What you should do: Leaving out the pictures, print exactly the lines from the one holding "Answer yes or no. Yes. Is Medium Purple less" to the last line of the entries below, both included, and nothing more.

*** Opening Records provided ***

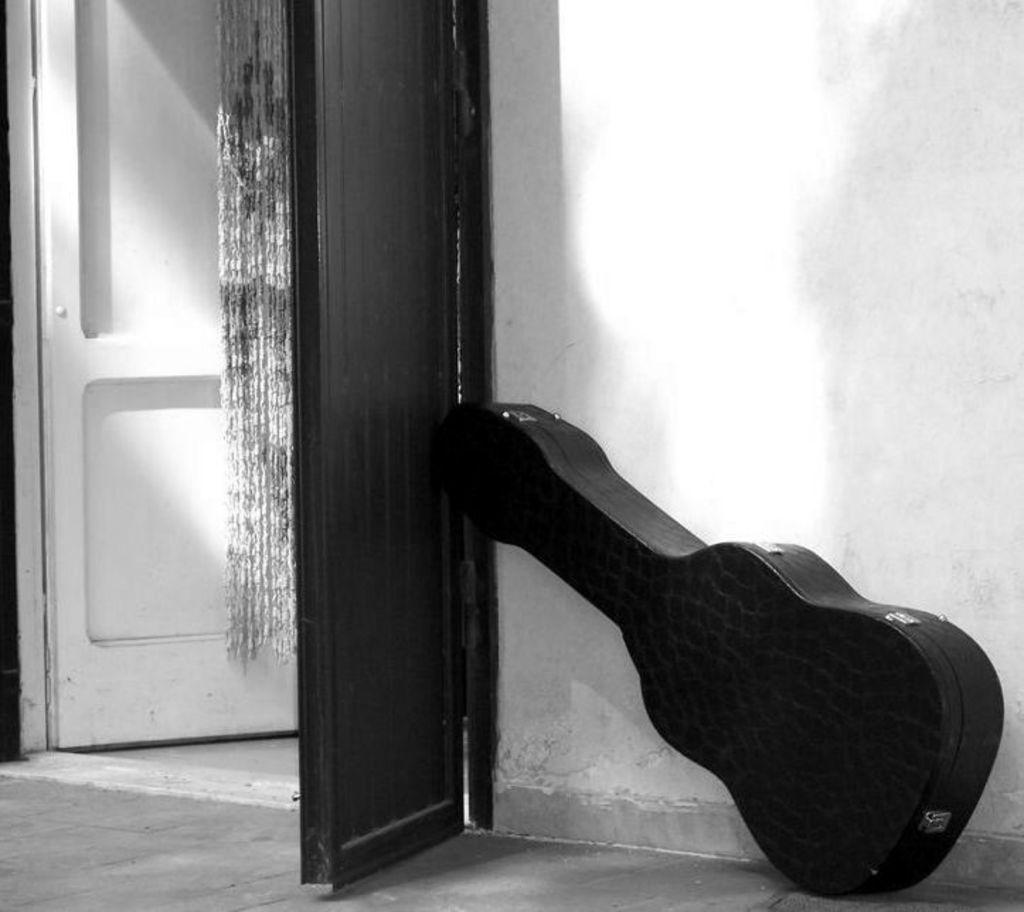What is the color scheme of the image? The image is black and white. What type of architectural feature can be seen in the image? There are doors in the image. What object related to music is present in the image? There is a guitar box in the image. What type of structure can be seen in the image? There is a wall in the image. What is visible beneath the objects and structures in the image? The surface (likely the floor or ground) is visible in the image. Where is the nearest downtown area in relation to the image? The provided facts do not mention any downtown area, so it cannot be determined from the image. 
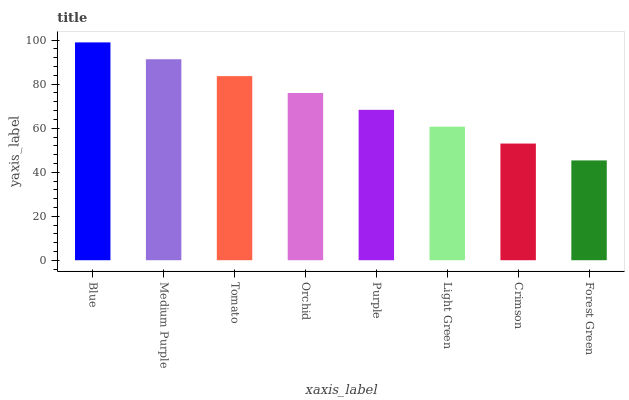Is Medium Purple the minimum?
Answer yes or no. No. Is Medium Purple the maximum?
Answer yes or no. No. Is Blue greater than Medium Purple?
Answer yes or no. Yes. Is Medium Purple less than Blue?
Answer yes or no. Yes. Is Medium Purple greater than Blue?
Answer yes or no. No. Is Blue less than Medium Purple?
Answer yes or no. No. Is Orchid the high median?
Answer yes or no. Yes. Is Purple the low median?
Answer yes or no. Yes. Is Purple the high median?
Answer yes or no. No. Is Light Green the low median?
Answer yes or no. No. 
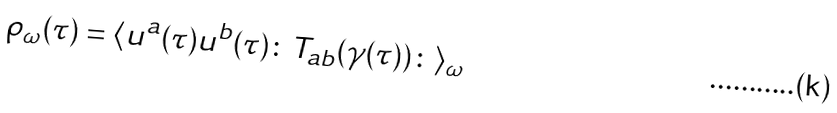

*** Closing Records provided ***

Output of the exercise:
Answer yes or no. Yes. Is Medium Purple less than Blue?
Answer yes or no. Yes. Is Medium Purple greater than Blue?
Answer yes or no. No. Is Blue less than Medium Purple?
Answer yes or no. No. Is Orchid the high median?
Answer yes or no. Yes. Is Purple the low median?
Answer yes or no. Yes. Is Purple the high median?
Answer yes or no. No. Is Light Green the low median?
Answer yes or no. No. 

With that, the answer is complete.